I came away from this movie feeling like I’m supposed to believe you have the following choice in life: be “stupid and fat” like everyone in Mercury, or be slightly less stupid and have trichotillomania instead  of  fat, and live in a slightly less hick town, and sneer out loud at anyone who is centimers less than you as measured on the cultural cache tape measure.***

It’s surely true that anyone, at any level of success, can feel like a failure compared to one person and like a success compared to someone else. Being a superhot divorced lady and a ghost writer for a terminated series of young adult novels, for instance, might be someone’s idea of success and someone else’s idea of abject failure. That this movie accepts and illustrates that is fine. But the movie ends with music rising and cheerful, blatantly false voice-over as Mavis embraces her obviously destructive and terrible choices and the miserable life they have brought her. This makes it at best very dismal, with a message of supreme hopelessness. I guess you could call that brave.
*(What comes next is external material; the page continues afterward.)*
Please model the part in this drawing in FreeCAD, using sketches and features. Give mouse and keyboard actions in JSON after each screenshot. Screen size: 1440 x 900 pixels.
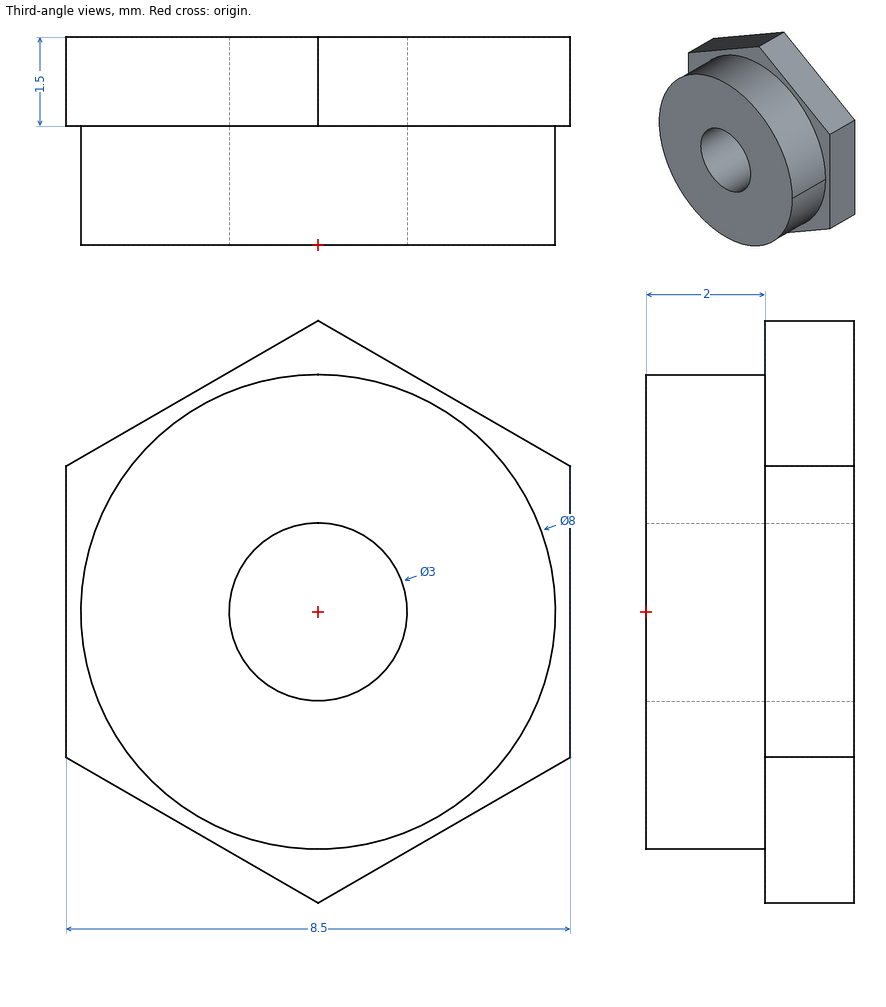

* Is her name really Mavis? I feel like I must be getting that wrong.

** I really wish i could construct a pun here about a cultural mix tape measure, but for once I am not up to the challenge...

Monday, January 2, 2012

Young Adult (Kristin's review)

I didn’t have much in the way of expectations for Young Adult. I thought “quirky,” cause, you know, Diablo Cody. And sure, I suppose it was. Mostly, though, it left me feeling a lot uncomfortable and a little disappointed. 

It's surprising to be disappointed when I started with no expectations, but here I am. It happened somehow after the first quarter of the movie. In the first few scenes I felt surprisingly enthusiastic about the about the subject. I’m not one for mid-life crisis movies, but because male characters are so frequently afforded unlimited screen time to indulge in aimless 30s-onset existential angsting I was glad to see a movie wherein a female character gets to do the same thing. The opening launch of the protagonist homeward, mix-tape in hand, felt very High Fidelity. Halfway through the movie, though, the boyfriend fixation was a bit too much, and when Mavis revealed that the seemingly sole core of her widespread and indiscriminant social and geographic loathing were rooted in her inability to have children this lost me. It just lost me. This movie, essentially, is about hysteria. So that’s unfortunate.
Forbes ran an article in which the author, Victoria Pynchon, responds to internet outcries against Young Adult’s main character. It's not surprising that people are hating on Mavis. She's pretty much hateful. And while I get Pynchon's desire to distinguish between immoral behavior in a movie and an immoral movie, I can't get on board with her analysis. She has the poor judgement to say that Mavis is primarily guilty of things like simply saying “aloud what the rest of us keep to ourselves.” What, exactly, is Pynchon thinking to herself? And what on earth could compel her to call Beth compassionate? In what world is condescending pity to be confused with kindness?
Pynchon’s article links to another text at Baltimore Magazine that points out how consistently Diablo Cody’s movies put the most redeeming characters in incredibly homey, traditional roles. The author, Max Weiss, seems to praise Cody for unexpected choices here. I don’t feel the same way. Motherhood isn’t the most redemptive quality women can have, and middle-American values aren’t the only ways to be a decent human being in a crowd of irredeemable criminals. Dial it down, Cody. People are cruel for a lot of reasons; you can lay off the Single Victim of Infertility for a while and try on any of the more likely causes for Mavis's behavior: laziness, vanity, boredom. Girls can be jerks too, without men or babies framing the picture.
I sound super disgruntled, but I'm not actually because seeing this movie led me to read the wikipedia articles on hysteria and female hysteria, both of which are pretty swell.